See more at: https://genome.ucsc.edu/FAQ/FAQformat.html#format1

There are also motif databases that we can use to scan the sequences contained by the bed file entries. These motifs are represented by a position-weight matrix (PWM), which is a matrix of nucleotides and weighted probabilities that a given nucleotide occurs at a given position. Since DNA has an alphabet of 4 (A,C,G,T), a PWM is a matrix of size 4 x N, where N is the motif length.

PWM Example

Position frequency matrix (PFM):

A [ 87 167 281 56 8 744 40 107 851 5 333 54 12 56 104 372 82 117 402 ]
C [291 145 49 800 903 13 528 433 11 0 3 12 0 8 733 13 482 322 181 ]
G [ 76 414 449 21 0 65 334 48 32 903 566 504 890 775 5 507 307 73 266 ]
T [459 187 134 36 2 91 11 324 18 3 9 341 8 71 67 17 37 396 59 ]

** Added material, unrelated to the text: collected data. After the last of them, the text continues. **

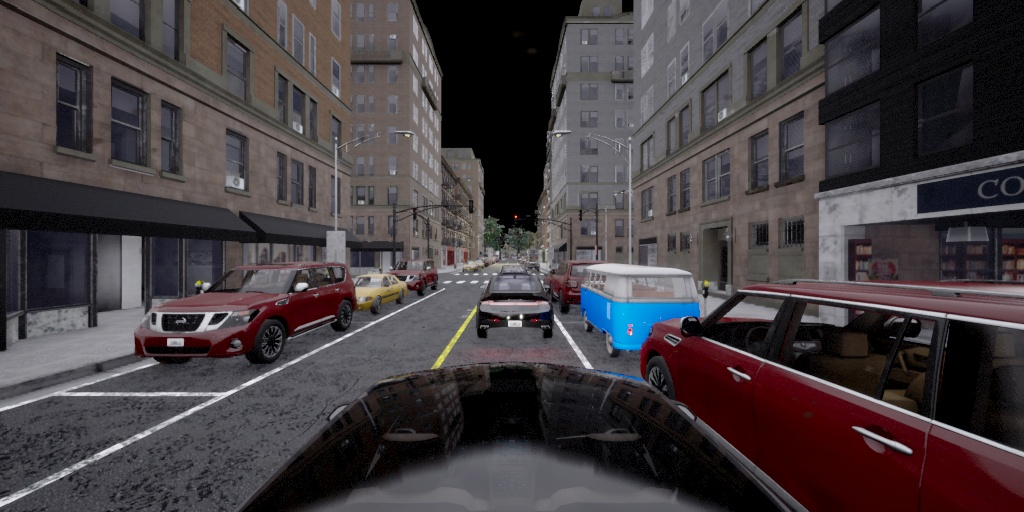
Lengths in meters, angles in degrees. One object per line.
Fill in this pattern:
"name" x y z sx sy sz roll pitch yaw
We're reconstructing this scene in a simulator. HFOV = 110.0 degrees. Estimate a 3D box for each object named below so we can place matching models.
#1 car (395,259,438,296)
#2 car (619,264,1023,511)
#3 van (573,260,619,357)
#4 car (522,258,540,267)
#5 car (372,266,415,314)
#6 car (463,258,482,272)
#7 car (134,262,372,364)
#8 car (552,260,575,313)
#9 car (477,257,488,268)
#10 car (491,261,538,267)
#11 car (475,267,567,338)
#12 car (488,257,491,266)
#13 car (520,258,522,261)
"car" -5.380 1.063 19.617 2.192 1.841 5.009 0 0 0
"car" 2.638 1.065 2.570 2.192 1.841 5.009 0 0 0
"van" 2.645 1.091 8.249 1.690 1.789 3.998 0 0 0
"car" 2.691 1.297 46.615 2.007 1.370 4.403 0 0 0
"car" -5.386 1.275 13.768 1.751 1.417 4.829 0 0 0
"car" -5.363 1.272 46.455 1.751 1.417 4.829 0 0 0
"car" -5.391 1.064 8.261 2.192 1.841 5.009 0 0 0
"car" 2.652 1.064 13.928 2.192 1.841 5.009 0 0 0
"car" -5.346 1.272 57.418 1.751 1.417 4.829 0 0 0
"car" 0.091 1.240 20.175 2.128 1.511 4.902 0 0 -1
"car" 0.083 1.241 10.124 2.128 1.511 4.902 0 0 0
"car" -5.337 1.061 63.070 2.192 1.841 5.009 0 0 0
"car" 2.704 1.297 57.579 2.007 1.370 4.403 0 0 0

The PWM is a PFM converted such that every column sums up to 1.0 (including negatives).

A position weight matrix (PWM) logo

Source: http://jaspar.genereg.net/cgi-bin/jaspar_db.pl?ID=MA0139.1&rm=present&collection=CORE

Our framework should provide an easy way to compare ChIP-seq peaks with PWMs of interest. From there, we want to know information including:

  1. Number of peak matched per PWM
  2. p-value associated with each PWM match
  3. A summary statistic of the p-values (a q-value, for example)
  4. Sequence covered by each match
  5. The orientation (strand) for each sequence
  6. More statistics that could be of interest. We can compare different runs based on the ChIP-seq metadata. For example: How does the binding sequence differ from one tissue to another? Is there an effect on the p-value caused by the orientation of the sequence? Does the relative position on the peak affect the score of the match?

This output can be formatted as a text summary, but ideally we would also want to visualize the results in an HTML (possibly interactive) report. This can include:

  1. Visualization of the binding sequence over the peak
  2. Summary statistics regarding the position of the binding site
  3. Tabulation of p-values, q-value per experiment (If we are comparing multiple runs.)

The project can be divided into 3 main components that can be worked on in parallel. Of course, we can change anything we want; this is merely a proposed design to help us settle in the ideas:

  1. The Initializer: The user inputs the dataset and motif to scan (Draft design: https://drive.google.com/file/d/0B2SxyuYUNY4aU0c0ZlRFZHJXNkk/view?usp=sharing)
  2. The Experimenter: The component used to compute matches and experiment statistics (Draft design: https://drive.google.com/file/d/0B2SxyuYUNY4aeVBLc2x5RnJPWWs/view?usp=sharing)
  3. The Visualizer: A generated summary of the experiment with an HTML report (Draft design: https://drive.google.com/file/d/0B2SxyuYUNY4aNnJHMG9WS3RzTjA/view?usp=sharing)

The design charts are simply to help us visualize the design and how the different pieces work together. Again, I expect we're going to modify this, and there are probably flaws in the current draft. It is just a draft :) It would be nice to revisit this and update the chart with our final design once we're done.

The Experimenter is somewhat the "back-end" of the framework. The Initializer and Visualizer are the input and output respectively of the project. It's possible to have a graphical interface for either of these, depending on how much interest there is in building front-end components. It would also be fine if the initializer is a command-line interface.

The issues can be used to create and breakdown tasks: https://github.com/hackseq/2016_project_5/issues
The wiki (here) is where we can store information about the tools, file formats and databases we'll be using.